Each line below should be repeated exactly, but no picture should be carried over.

----------------

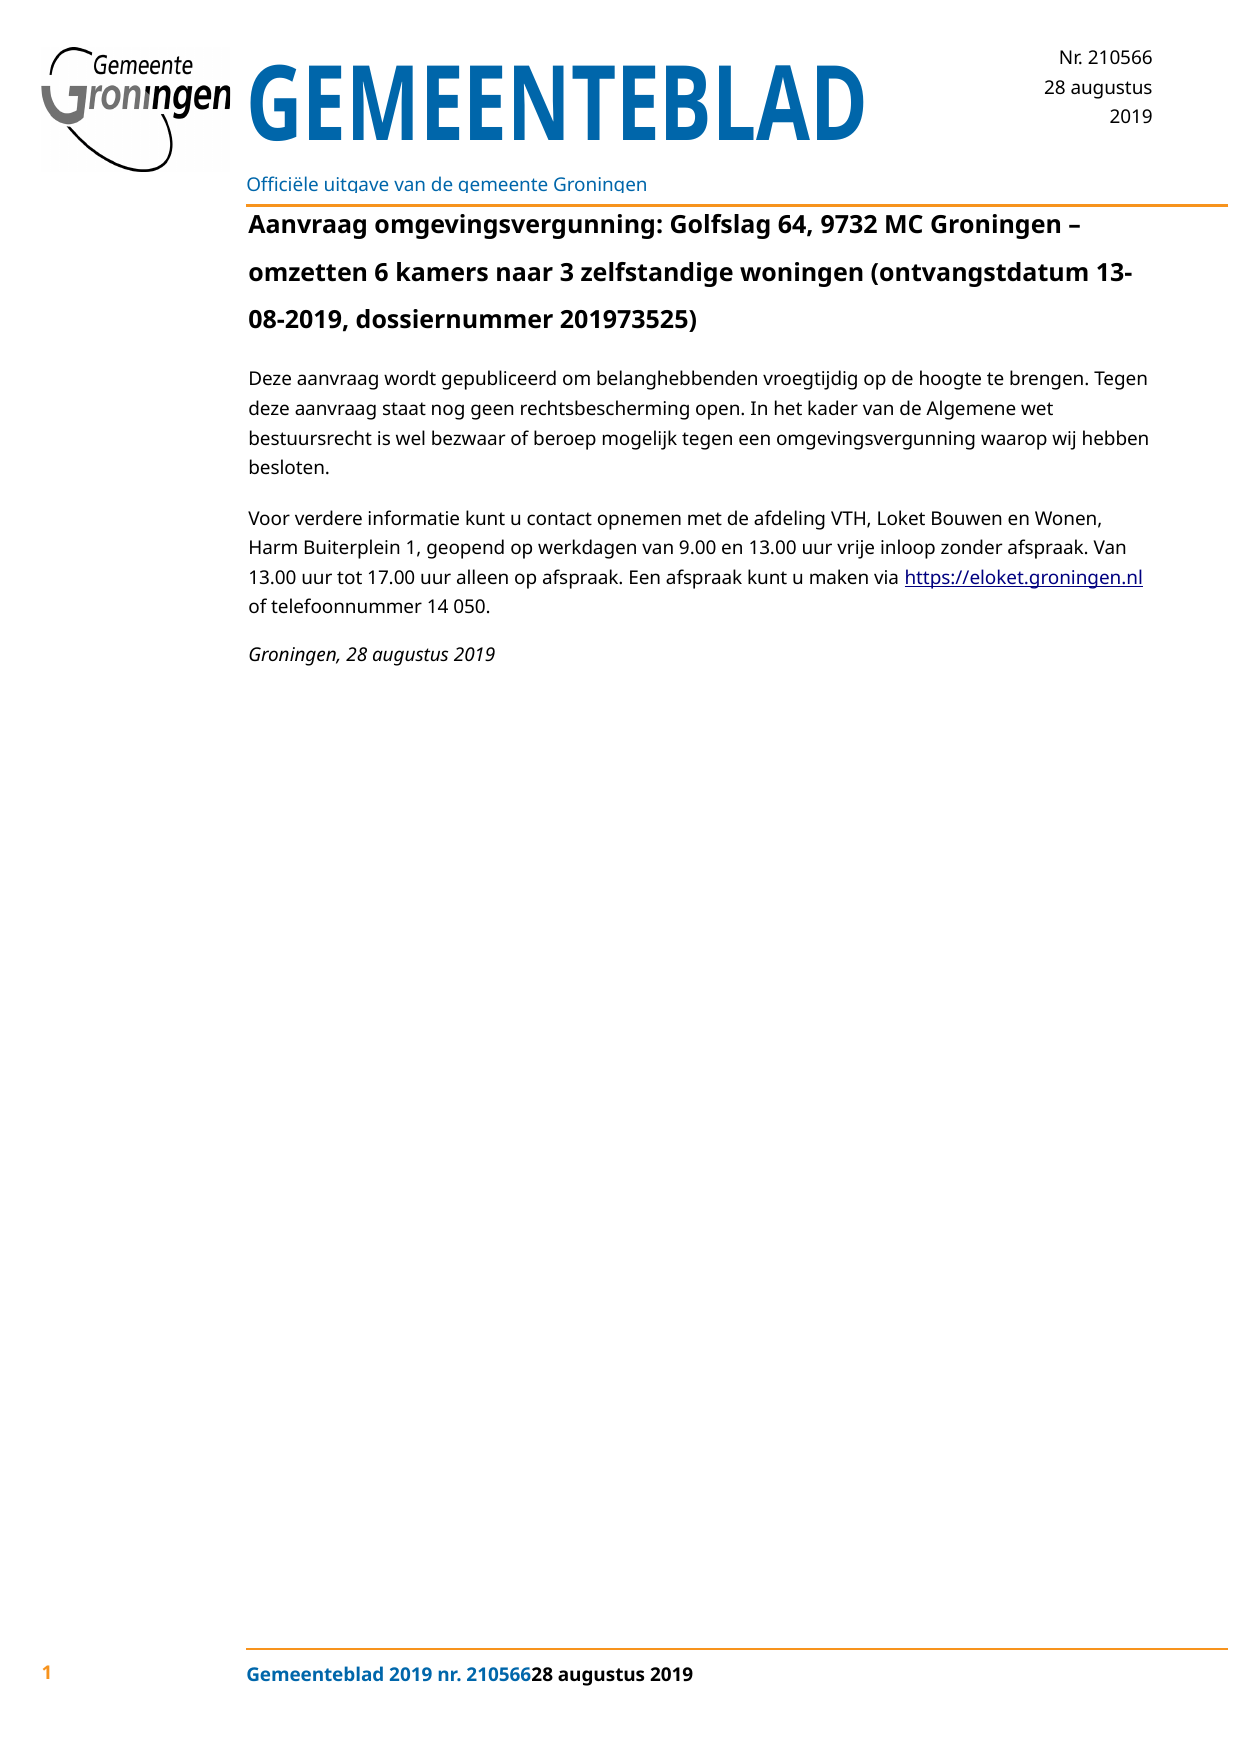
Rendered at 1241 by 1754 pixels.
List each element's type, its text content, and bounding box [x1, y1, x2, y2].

text Aanvraag omgevingsvergunning: Golfslag 64, 9732 MC Groningen – omzetten 6 kamers naar 3 zelfstandige woningen (ontvangstdatum 13-08-2019, dossiernummer 201973525) [248, 207, 1152, 336]
text Deze aanvraag wordt gepubliceerd om belanghebbenden vroegtijdig op de hoogte te brengen. Tegen deze aanvraag staat nog geen rechtsbescherming open. In het kader van de Algemene wet bestuursrecht is wel bezwaar of beroep mogelijk tegen een omgevingsvergunning waarop wij hebben besloten. [248, 366, 1152, 480]
text Voor verdere informatie kunt u contact opnemen met de afdeling VTH, Loket Bouwen en Wonen, Harm Buiterplein 1, geopend op werkdagen van 9.00 en 13.00 uur vrije inloop zonder afspraak. Van 13.00 uur tot 17.00 uur alleen op afspraak. Een afspraak kunt u maken via https://eloket.groningen.nl of telefoonnummer 14 050. [248, 505, 1152, 619]
picture [41, 47, 231, 172]
text Groningen, 28 augustus 2019 [248, 641, 1152, 667]
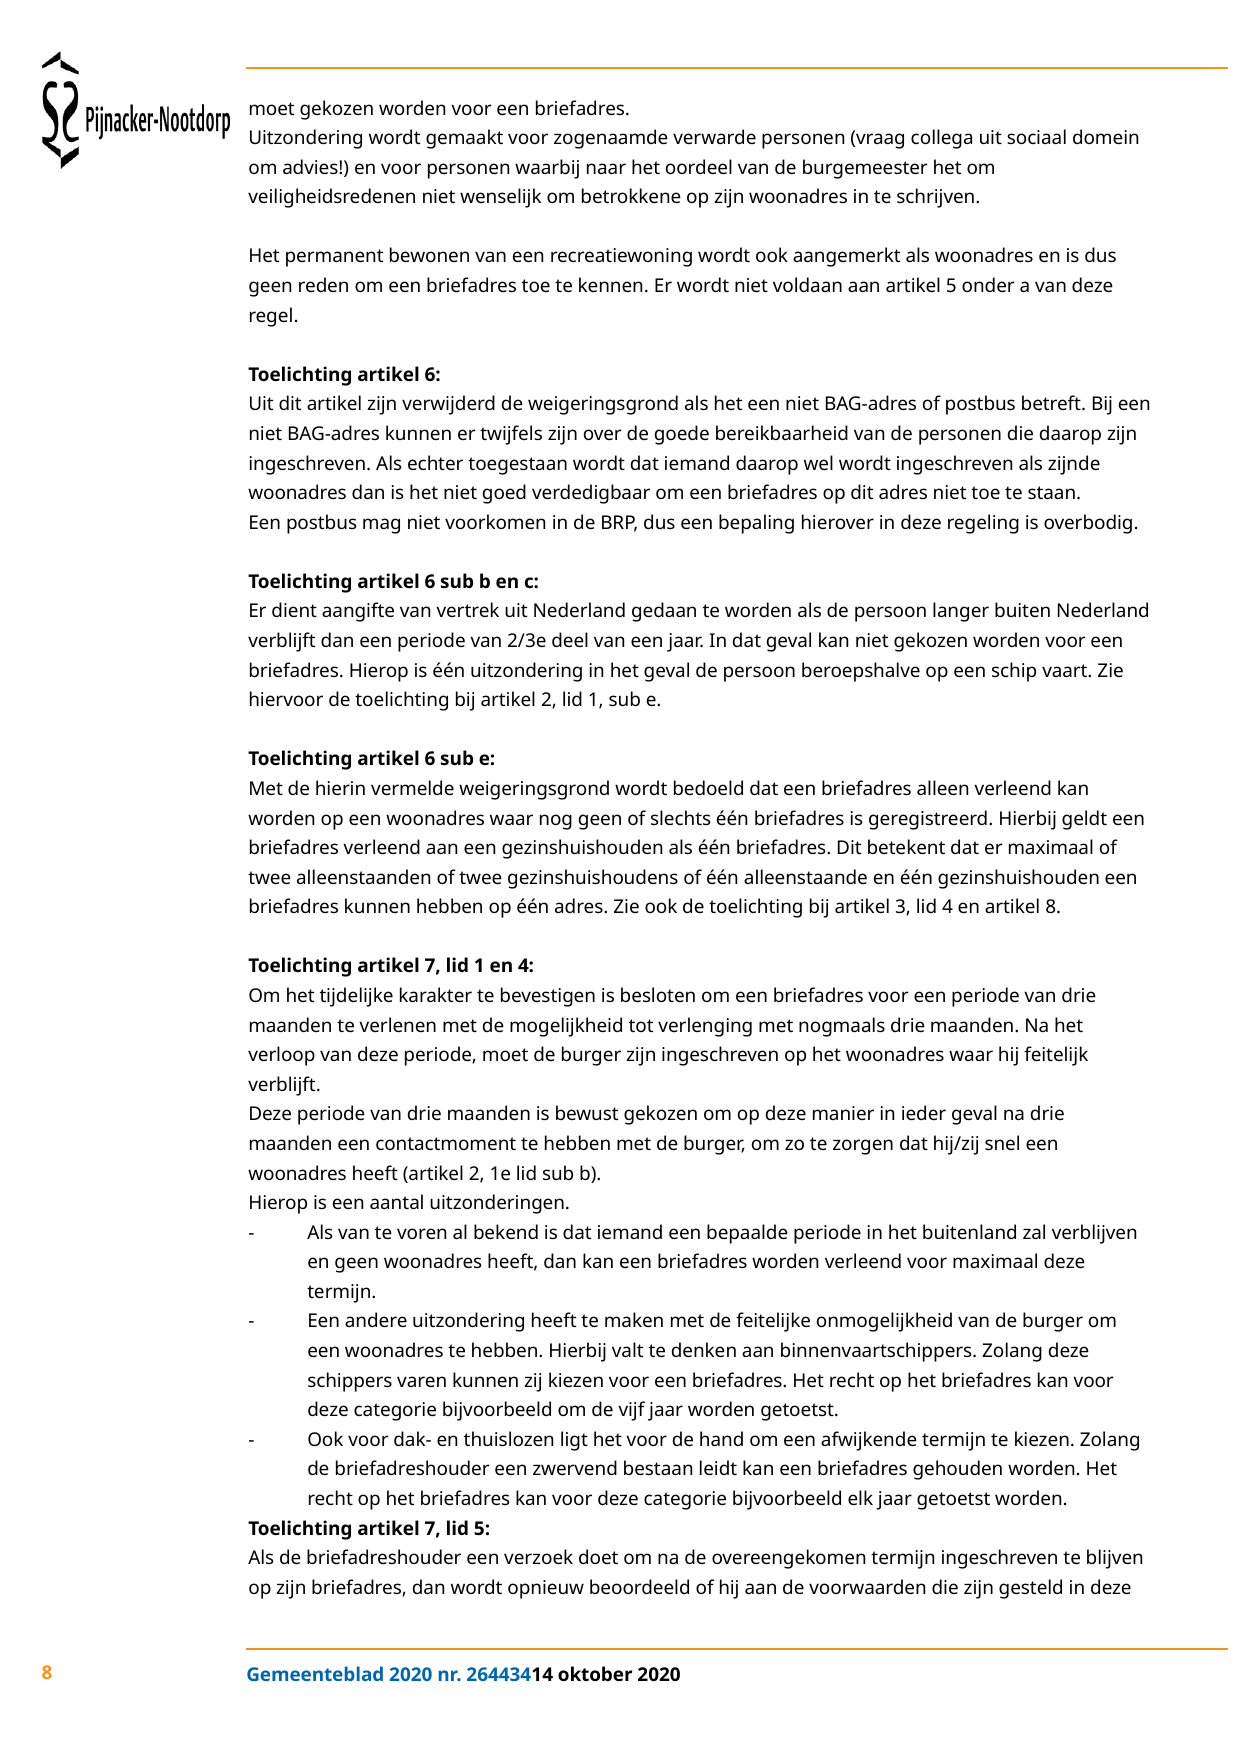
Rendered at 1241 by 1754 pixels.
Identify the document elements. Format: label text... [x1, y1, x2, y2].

----------------

[Finished exercise]:
Rendered at 1241 by 1754 pixels.
List each element's type, its text content, and bounding box [x1, y1, x2, y2].

text Aanvraag omgevingsvergunning: Golfslag 64, 9732 MC Groningen – omzetten 6 kamers naar 3 zelfstandige woningen (ontvangstdatum 13-08-2019, dossiernummer 201973525) [248, 207, 1152, 336]
text Deze aanvraag wordt gepubliceerd om belanghebbenden vroegtijdig op de hoogte te brengen. Tegen deze aanvraag staat nog geen rechtsbescherming open. In het kader van de Algemene wet bestuursrecht is wel bezwaar of beroep mogelijk tegen een omgevingsvergunning waarop wij hebben besloten. [248, 366, 1152, 480]
text Voor verdere informatie kunt u contact opnemen met de afdeling VTH, Loket Bouwen en Wonen, Harm Buiterplein 1, geopend op werkdagen van 9.00 en 13.00 uur vrije inloop zonder afspraak. Van 13.00 uur tot 17.00 uur alleen op afspraak. Een afspraak kunt u maken via https://eloket.groningen.nl of telefoonnummer 14 050. [248, 505, 1152, 619]
picture [41, 47, 231, 172]
text Groningen, 28 augustus 2019 [248, 641, 1152, 667]
Rendered at 1241 by 1754 pixels.
Identify the document elements. Format: label text... [x1, y1, x2, y2].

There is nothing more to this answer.